• Instructions to follow: Locate every line in the records below that holds the word "this" and return each one.

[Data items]
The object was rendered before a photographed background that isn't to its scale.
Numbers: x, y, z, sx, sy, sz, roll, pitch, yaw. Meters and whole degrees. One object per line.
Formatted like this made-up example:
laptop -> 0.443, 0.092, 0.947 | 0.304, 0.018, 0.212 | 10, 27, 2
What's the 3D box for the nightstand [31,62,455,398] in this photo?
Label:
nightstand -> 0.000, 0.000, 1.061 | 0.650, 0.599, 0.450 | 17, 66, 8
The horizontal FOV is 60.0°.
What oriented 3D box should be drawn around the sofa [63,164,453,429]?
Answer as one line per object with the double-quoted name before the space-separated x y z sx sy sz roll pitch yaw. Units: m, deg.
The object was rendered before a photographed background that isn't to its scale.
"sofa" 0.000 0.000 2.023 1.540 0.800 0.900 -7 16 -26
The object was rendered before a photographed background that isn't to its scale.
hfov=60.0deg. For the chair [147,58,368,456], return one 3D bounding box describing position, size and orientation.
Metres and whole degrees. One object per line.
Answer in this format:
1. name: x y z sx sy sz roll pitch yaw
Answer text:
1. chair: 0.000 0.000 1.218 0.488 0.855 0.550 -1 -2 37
...
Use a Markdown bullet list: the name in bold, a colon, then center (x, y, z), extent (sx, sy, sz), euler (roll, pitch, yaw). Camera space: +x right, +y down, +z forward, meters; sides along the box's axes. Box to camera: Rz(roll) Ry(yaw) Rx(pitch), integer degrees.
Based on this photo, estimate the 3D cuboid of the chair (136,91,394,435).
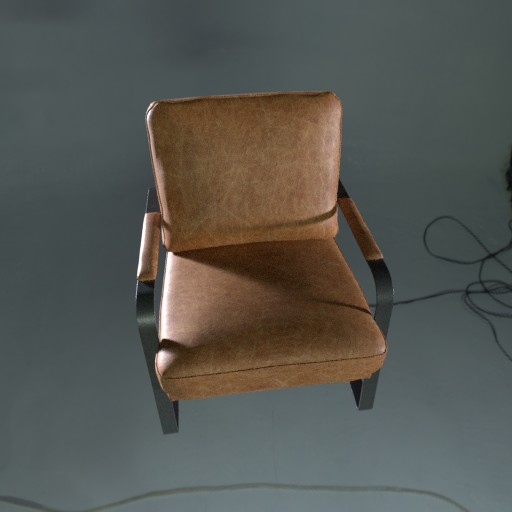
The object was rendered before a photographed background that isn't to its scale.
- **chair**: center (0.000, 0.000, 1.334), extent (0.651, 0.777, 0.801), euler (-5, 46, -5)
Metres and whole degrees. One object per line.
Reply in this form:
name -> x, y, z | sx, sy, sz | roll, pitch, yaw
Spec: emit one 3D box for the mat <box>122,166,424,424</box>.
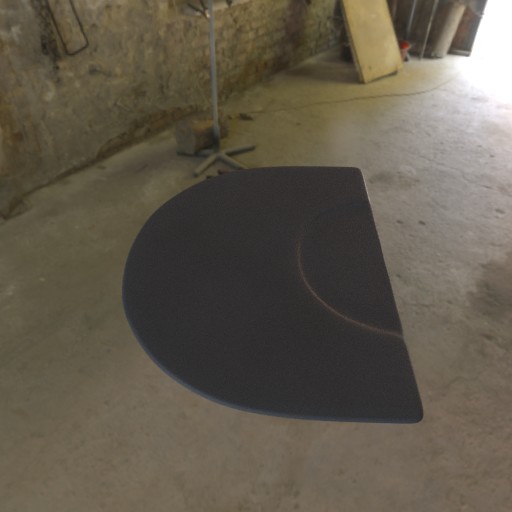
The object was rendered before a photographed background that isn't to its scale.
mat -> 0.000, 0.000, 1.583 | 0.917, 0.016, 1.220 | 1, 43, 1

• Result of the exercise:
Formatted like this made-up example:
What's the 3D box for the nightstand [31,62,455,398] in this photo?
Answer in this format:
Based on this photo, estimate the 3D cuboid of the chair (136,91,394,435).
Reply in this form:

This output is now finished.